The results are in. We The People stink at math.  Which should surprise no one… we’ve been pretty consistent about it for the past couple decades.

What is surprising, at least to me, is that in spite of our math struggles, we’re still so numbers-oriented.  This year alone…

  • Hollywood invented a new unit of time, the Kardashian.  1 K=72 days.  (Consult this calculator to help you determine how many Kardashians you and your spouse have been together.)
  • In politics, the “we are the 99%” movement was born out of frustration with wealth inequality, only to be countered by the “we are the 53%” movement protesting income tax inequality.
  • On the Internet, there’s Klout, which managed to rub quite a few people the wrong way by tweaking a few formulas.

Numbers are everywhere.
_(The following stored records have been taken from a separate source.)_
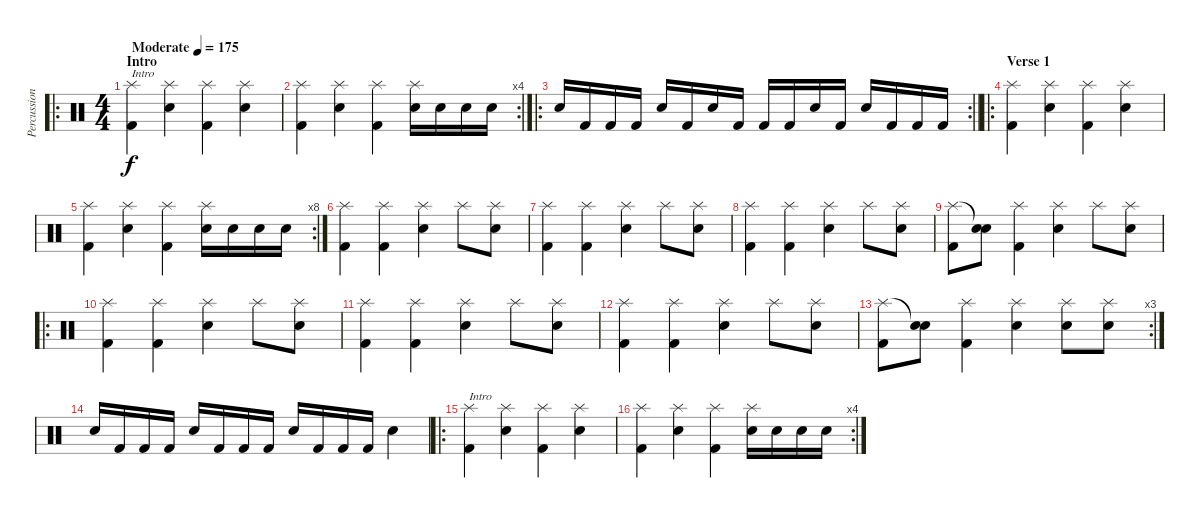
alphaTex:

\track ("Percussion" "Percussion") {instrument percussion}
\staff {score}
\articulation defaults
\ro
\ts (4 4)
\section ("" "Intro")
\tempo (175 "Moderate")
\clef neutral
\ks c
("Splash (hit)" "Kick (hit) 2").4{txt "Intro" dy f} ("Splash (hit)" "Electric Snare (hit)").4 ("Splash (hit)" "Kick (hit) 2").4 ("Splash (hit)" "Electric Snare (hit)").4 |
\rc 4
("Splash (hit)" "Kick (hit) 2").4 ("Splash (hit)" "Electric Snare (hit)").4 ("Splash (hit)" "Kick (hit) 2").4 ("Splash (hit)" "Electric Snare (hit)").16 "Electric Snare (hit)".16 "Electric Snare (hit)".16 "Electric Snare (hit)".16 |
\ro
\rc 2
\barLineRight lightlight "Electric Snare (hit)".16 "Kick (hit) 2".16 "Kick (hit) 2".16 "Kick (hit) 2".16 "Electric Snare (hit)".16 "Kick (hit) 2".16 "Electric Snare (hit)".16 "Kick (hit) 2".16 "Kick (hit) 2".16 "Kick (hit) 2".16 "Electric Snare (hit)".16 "Kick (hit) 2".16 "Electric Snare (hit)".16 "Kick (hit) 2".16 "Kick (hit) 2".16 "Kick (hit) 2".16
|
\ro
\section ("" "Verse 1")
("Splash (hit)" "Kick (hit) 2").4 ("Splash (hit)" "Electric Snare (hit)").4 ("Splash (hit)" "Kick (hit) 2").4 ("Splash (hit)" "Electric Snare (hit)").4 |
\rc 8
("Splash (hit)" "Kick (hit) 2").4 ("Splash (hit)" "Electric Snare (hit)").4 ("Splash (hit)" "Kick (hit) 2").4 ("Splash (hit)" "Electric Snare (hit)").16 "Electric Snare (hit)".16 "Electric Snare (hit)".16 "Electric Snare (hit)".16 |
("Splash (hit)" "Kick (hit) 2").4 ("Splash (hit)" "Kick (hit) 2").4 ("Splash (hit)" "Electric Snare (hit)").4 "Splash (hit)".8 ("Splash (hit)" "Electric Snare (hit)").8 |
("Splash (hit)" "Kick (hit) 2").4 ("Splash (hit)" "Kick (hit) 2").4 ("Splash (hit)" "Electric Snare (hit)").4 "Splash (hit)".8 ("Splash (hit)" "Electric Snare (hit)").8 |
("Splash (hit)" "Kick (hit) 2").4 ("Splash (hit)" "Kick (hit) 2").4 ("Splash (hit)" "Electric Snare (hit)").4 "Splash (hit)".8 ("Splash (hit)" "Electric Snare (hit)").8 |
("Splash (hit)" "Kick (hit) 2").8 ("Snare (hit)"{t} "Electric Snare (hit)").8 ("Splash (hit)" "Kick (hit) 2").4 ("Splash (hit)" "Electric Snare (hit)").4 "Splash (hit)".8 ("Splash (hit)" "Electric Snare (hit)").8 |
\ro
("Splash (hit)" "Kick (hit) 2").4 ("Splash (hit)" "Kick (hit) 2").4 ("Splash (hit)" "Electric Snare (hit)").4 "Splash (hit)".8 ("Splash (hit)" "Electric Snare (hit)").8 |
("Splash (hit)" "Kick (hit) 2").4 ("Splash (hit)" "Kick (hit) 2").4 ("Splash (hit)" "Electric Snare (hit)").4 "Splash (hit)".8 ("Splash (hit)" "Electric Snare (hit)").8 |
("Splash (hit)" "Kick (hit) 2").4 ("Splash (hit)" "Kick (hit) 2").4 ("Splash (hit)" "Electric Snare (hit)").4 "Splash (hit)".8 ("Splash (hit)" "Electric Snare (hit)").8 |
\rc 3
("Splash (hit)" "Kick (hit) 2").8 ("Snare (hit)"{t} "Electric Snare (hit)").8 ("Splash (hit)" "Kick (hit) 2").4 ("Splash (hit)" "Electric Snare (hit)").4 ("Splash (hit)" "Electric Snare (hit)").8 ("Splash (hit)" "Electric Snare (hit)").8 |
"Electric Snare (hit)".16 "Kick (hit) 2".16 "Kick (hit) 2".16 "Kick (hit) 2".16 "Electric Snare (hit)".16 "Kick (hit) 2".16 "Kick (hit) 2".16 "Kick (hit) 2".16 "Electric Snare (hit)".16 "Kick (hit) 2".16 "Kick (hit) 2".16 "Kick (hit) 2".16 "Electric Snare (hit)".4 |
\ro
("Splash (hit)" "Kick (hit) 2").4{txt "Intro"} ("Splash (hit)" "Electric Snare (hit)").4 ("Splash (hit)" "Kick (hit) 2").4 ("Splash (hit)" "Electric Snare (hit)").4 |
\rc 4
("Splash (hit)" "Kick (hit) 2").4 ("Splash (hit)" "Electric Snare (hit)").4 ("Splash (hit)" "Kick (hit) 2").4 ("Splash (hit)" "Electric Snare (hit)").16 "Electric Snare (hit)".16 "Electric Snare (hit)".16 "Electric Snare (hit)".16

Your Facebook friends. Your weight. Your website’s hits. Your age. Everyone has a number they obsess over. But what if those numbers are meaningless?

Now, I’m a numbers guy working in a numbers-oriented field (marketing research). And I’m a big proponent of data-supported decision making. But the problem with numbers, whether it’s Klout scores or customer survey data or political movements or SEO stats or anything else, is when the number starts obscuring the meaning.
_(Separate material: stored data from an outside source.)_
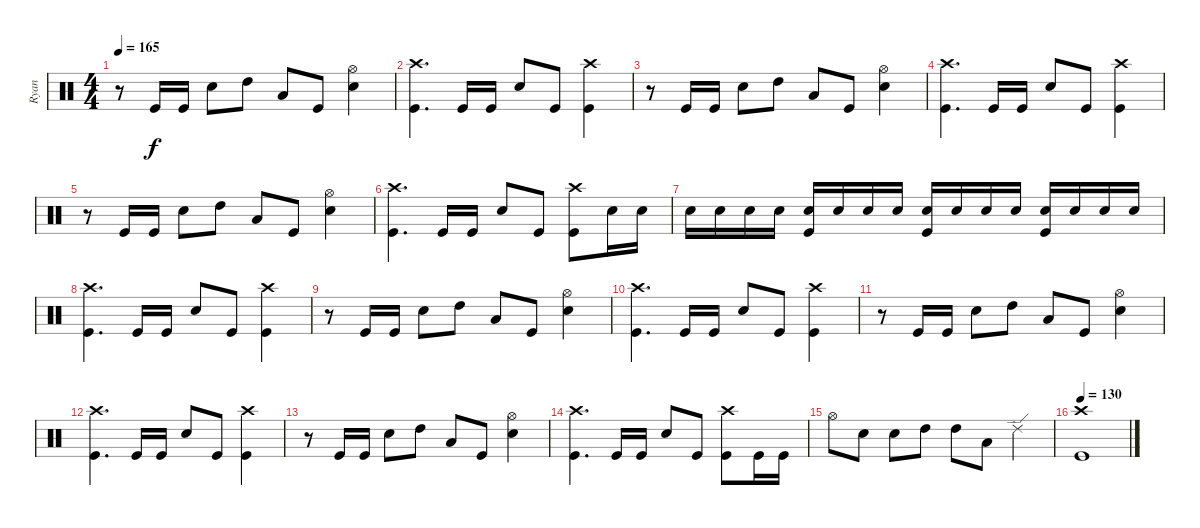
\track ("Ryan" "Ryan") {instrument percussion}
\staff {score}
\articulation defaults
\ts (4 4)
\tempo 165
\clef neutral
\ks c
r.8{dy f} "Kick (hit)".16 "Kick (hit)".16 "Electric Snare (hit)".8 "High Tom (hit)".8 "Low Floor Tom (hit)".8 "Kick (hit)".8 ("Hi-Hat (open)" "Electric Snare (hit)").4 |
("Crash high (hit)" "Kick (hit)").4{d} "Kick (hit)".16 "Kick (hit)".16 "Electric Snare (hit)".8 "Kick (hit)".8 ("Crash high (hit)" "Kick (hit)").4 |
r.8 "Kick (hit)".16 "Kick (hit)".16 "Electric Snare (hit)".8 "High Tom (hit)".8 "Low Floor Tom (hit)".8 "Kick (hit)".8 ("Hi-Hat (open)" "Electric Snare (hit)").4 |
("Crash high (hit)" "Kick (hit)").4{d} "Kick (hit)".16 "Kick (hit)".16 "Electric Snare (hit)".8 "Kick (hit)".8 ("Crash high (hit)" "Kick (hit)").4 |
r.8 "Kick (hit)".16 "Kick (hit)".16 "Electric Snare (hit)".8 "High Tom (hit)".8 "Low Floor Tom (hit)".8 "Kick (hit)".8 ("Hi-Hat (open)" "Electric Snare (hit)").4 |
("Crash high (hit)" "Kick (hit)").4{d} "Kick (hit)".16 "Kick (hit)".16 "Electric Snare (hit)".8 "Kick (hit)".8 ("Crash high (hit)" "Kick (hit)").8 "Electric Snare (hit)".16 "Electric Snare (hit)".16 |
"Electric Snare (hit)".16 "Electric Snare (hit)".16 "Electric Snare (hit)".16 "Electric Snare (hit)".16 ("Electric Snare (hit)" "Kick (hit)").16 "Electric Snare (hit)".16 "Electric Snare (hit)".16 "Electric Snare (hit)".16 ("Electric Snare (hit)" "Kick (hit)").16 "Electric Snare (hit)".16 "Electric Snare (hit)".16 "Electric Snare (hit)".16 ("Electric Snare (hit)" "Kick (hit)").16 "Electric Snare (hit)".16 "Electric Snare (hit)".16 "Electric Snare (hit)".16 |
("Crash high (hit)" "Kick (hit)").4{d} "Kick (hit)".16 "Kick (hit)".16 "Electric Snare (hit)".8 "Kick (hit)".8 ("Crash high (hit)" "Kick (hit)").4 |
r.8 "Kick (hit)".16 "Kick (hit)".16 "Electric Snare (hit)".8 "High Tom (hit)".8 "Low Floor Tom (hit)".8 "Kick (hit)".8 ("Hi-Hat (open)" "Electric Snare (hit)").4 |
("Crash high (hit)" "Kick (hit)").4{d} "Kick (hit)".16 "Kick (hit)".16 "Electric Snare (hit)".8 "Kick (hit)".8 ("Crash high (hit)" "Kick (hit)").4 |
r.8 "Kick (hit)".16 "Kick (hit)".16 "Electric Snare (hit)".8 "High Tom (hit)".8 "Low Floor Tom (hit)".8 "Kick (hit)".8 ("Hi-Hat (open)" "Electric Snare (hit)").4 |
("Crash high (hit)" "Kick (hit)").4{d} "Kick (hit)".16 "Kick (hit)".16 "Electric Snare (hit)".8 "Kick (hit)".8 ("Crash high (hit)" "Kick (hit)").4 |
r.8 "Kick (hit)".16 "Kick (hit)".16 "Electric Snare (hit)".8 "High Tom (hit)".8 "Low Floor Tom (hit)".8 "Kick (hit)".8 ("Hi-Hat (open)" "Electric Snare (hit)").4 |
("Crash high (hit)" "Kick (hit)").4{d} "Kick (hit)".16 "Kick (hit)".16 "Electric Snare (hit)".8 "Kick (hit)".8 ("Crash high (hit)" "Kick (hit)").8 "Kick (hit)".16 "Kick (hit)".16 |
"Hi-Hat (open)".8 "Electric Snare (hit)".8 "Electric Snare (hit)".8 "High Tom (hit)".8 "High Tom (hit)".8 "Low Floor Tom (hit)".8 "Ride (edge) 2".4 |
\tempo 130
("Crash high (hit)" "Kick (hit)").1

Klout’s an interesting case study because they made a well-intentioned attempt to create a more transparent, more accurate measurement of online influence.  But the results – including lower scores for some major influencers, seemingly inconsistent scores across accounts, and troubling tips on how to improve your score – caused many to call the entire system into question. In other words, an attempt to make the number more meaningful backfired.

(As an aside… I find it interesting that complaints tended to center on the scores and not the Klout Style. Sure, if they recalibrate their formulas, I’d expect some fluctuations in scores. But the Klout Style is supposedly a description of my online persona: the Socializer, the Observer, the Specialist, etc.  To me, the big credibility question isn’t why my score dropped 12 points, it’s how my online personality supposedly changed overnight.)
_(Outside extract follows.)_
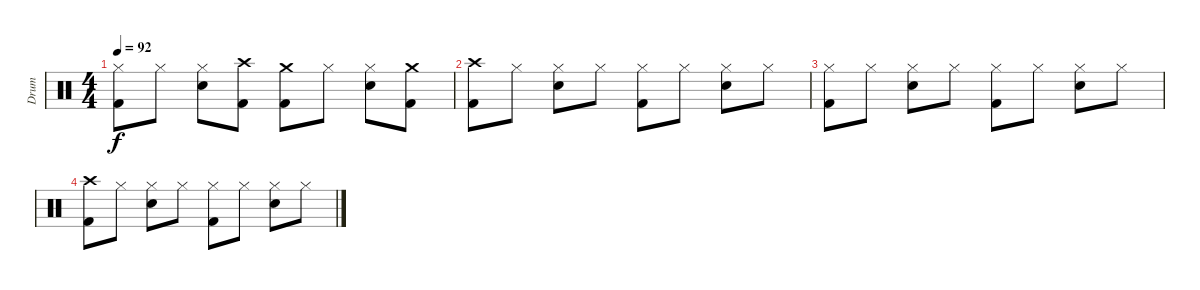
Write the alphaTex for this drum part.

But let’s say the formulas hadn’t changed and the old algorithms were still cranking out the same old scores. What did that number really tell you? Do you even know how it was calculated? Or were you just focused on making sure your score rose instead of fell?

Or what if you’re a waiter bringing home $30,000 a year. How well can you relate to the banker making $300,000 a year? Does it really matter that you are both part of the “99%”?

Or let’s say you’re an executive who likes the Net Promoter Score approach. If your score is a 30, do you throw a party or hit the panic button? Does it matter how you got to that 30 (“30 minus 0” versus “60 minus 30”)? Or are you just hoping for a better result than last year’s study?

We are attracted to numbers because they seem so definite, so black-and-white, so unquestionable. But the danger of numbers lies in their simplicity, and in the fact that they enable and encourage a single-minded focus.

So the next time you find yourself fixated on a number, do yourself a favor. Stop thinking about the number and start thinking about the math behind it. Where does the number come from? Can you impact the variables in the formula? Is the number really relevant for your specific situation?

Who knows, maybe you’ll find you have one less thing to worry about. Which means you can dedicate all that mental energy to something else.

Like figuring out presents for five Kardashiversaries every year.